Wednesday, January 13, 2010

After a Few Centuries, Goodbye to Classifieds as We Know ‘Em.

Rob Schoenbeck sent me a list today, “25 things About to Become Extinct in America.” Among which:

23. Classified Ads. The Internet has made so many things obsolete that newspaper classified ads might sound like just another trivial item on a long list. But this is one of those harbingers of the future that could signal the end of civilization as we know it. The argument is that if newspaper classifieds are replaced by free online listings at sites like and Google Base, then newspapers are not far behind them.

Now, your newspaper classified ads? They’ve been around since the 1600s. A weekly newspaper called The Public Advertiser consisted almost entirely of ads for a wide range of services and products – books and other trade goods (retail), quack doctors (healthcare), coffeehouses offering not just “cophee” and chocolate but an “excellent…China drink, called by the Chineans tcha, by other nations tay, alias tee.” Also: Fairs and cockfights (entertainment) and coach departures (destination marketing).

By the way, that “tee” was “by all Physicians approved.” There really isn’t anything new under the sun – except maybe government regulation.  The first issue of PA was May 1657.

The online world is simply the continuation of advertising by other means. Technology just keeps changing up those means and some take longer than others to have an impact. Radio never actually replaced the newspaper despite dire predictions. And certainly, there are plenty of forecasts that the time of print-edition newspapers is almost up perhaps as soon as tomorrow.

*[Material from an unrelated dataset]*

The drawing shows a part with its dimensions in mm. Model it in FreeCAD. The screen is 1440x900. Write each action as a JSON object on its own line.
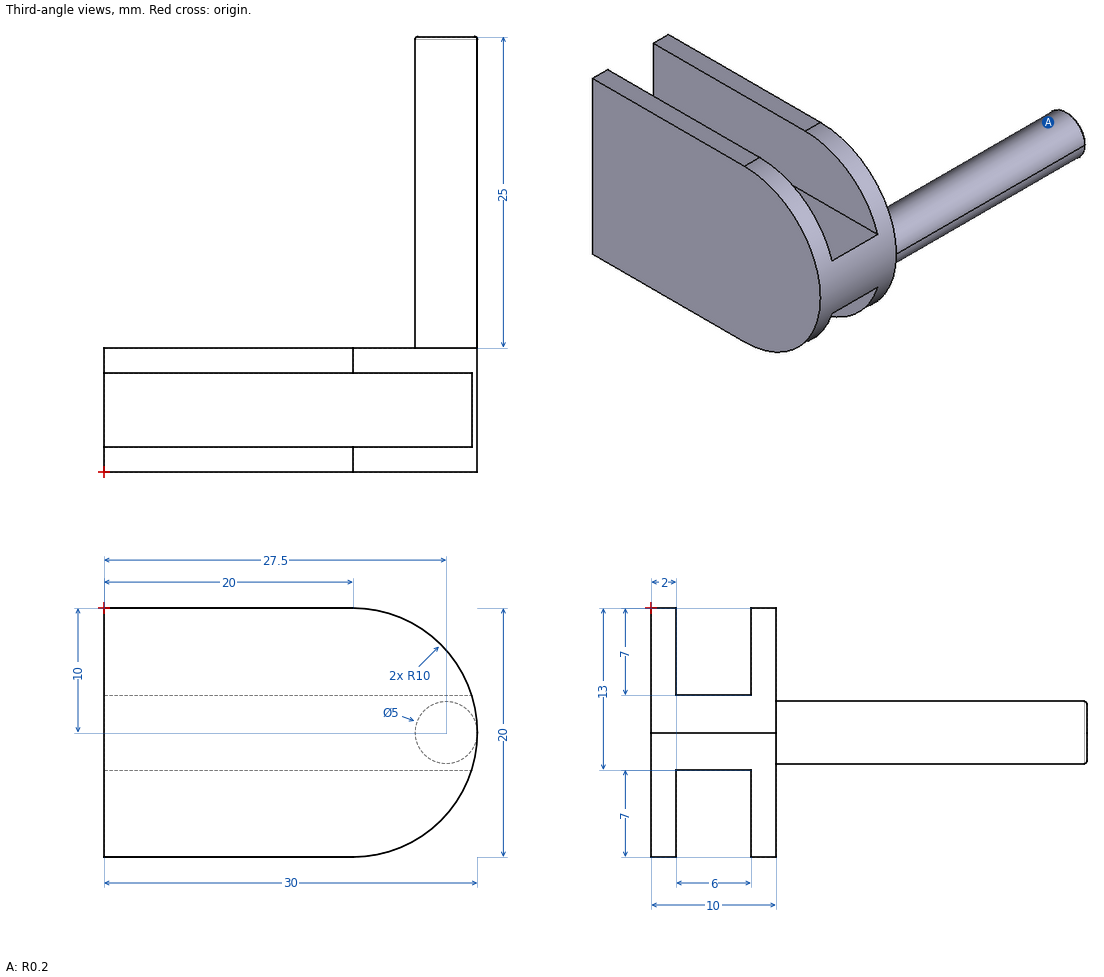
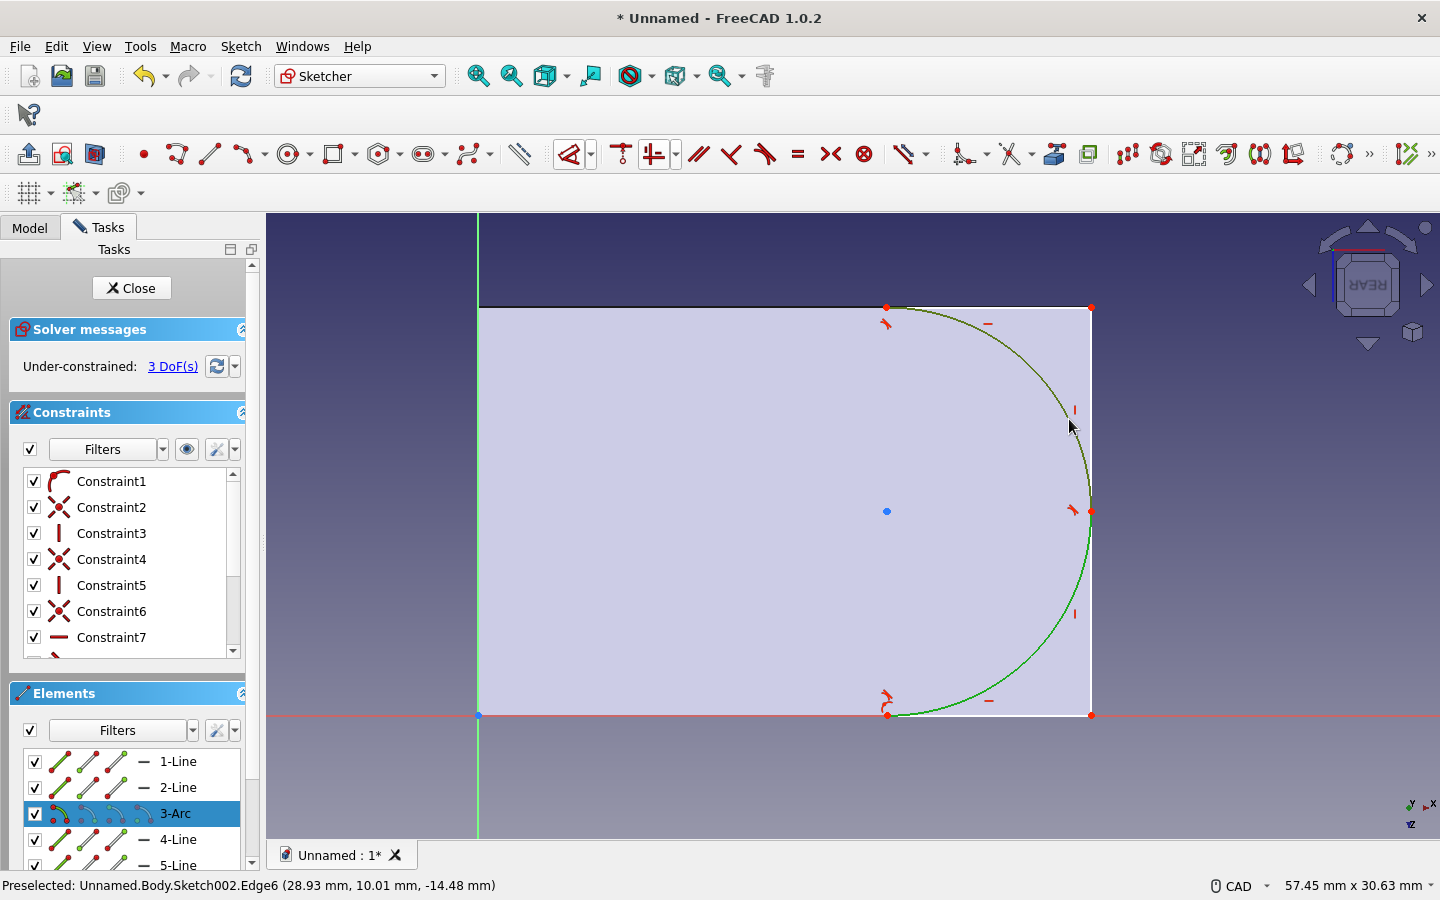
{"action": "left_click", "coordinate": [798, 154]}

You may well look for motorcycles or forklifts or kitchenware on Craig’s List. Get your ads over your iPhone now that we’ve been assured that mobile apps are the hottest thing going. But even though the numbers of users are changing fast, there will be plenty of overlap – lots of time for more mature users like me to get used to new media.

The April 24, 1704, edition of Boston Newsletter ran this ad for classified advertising:

All persons who have any houses, lands, tenements, farms, ships, vessels, goods, ware or merchandise, etc., to be sold or let, or servants run away, or goods stole or lost, may have the same inserted at the reasonable rate of twelve pence to five shillings.”

Now, of course, just put any of it up on eBay and say bye-bye to that nasty printer’s ink.

NOTE: This old stuff about newspaper classifieds? It’s from the 1892 Handy-Book of Literary Curiosities, William S Walsh.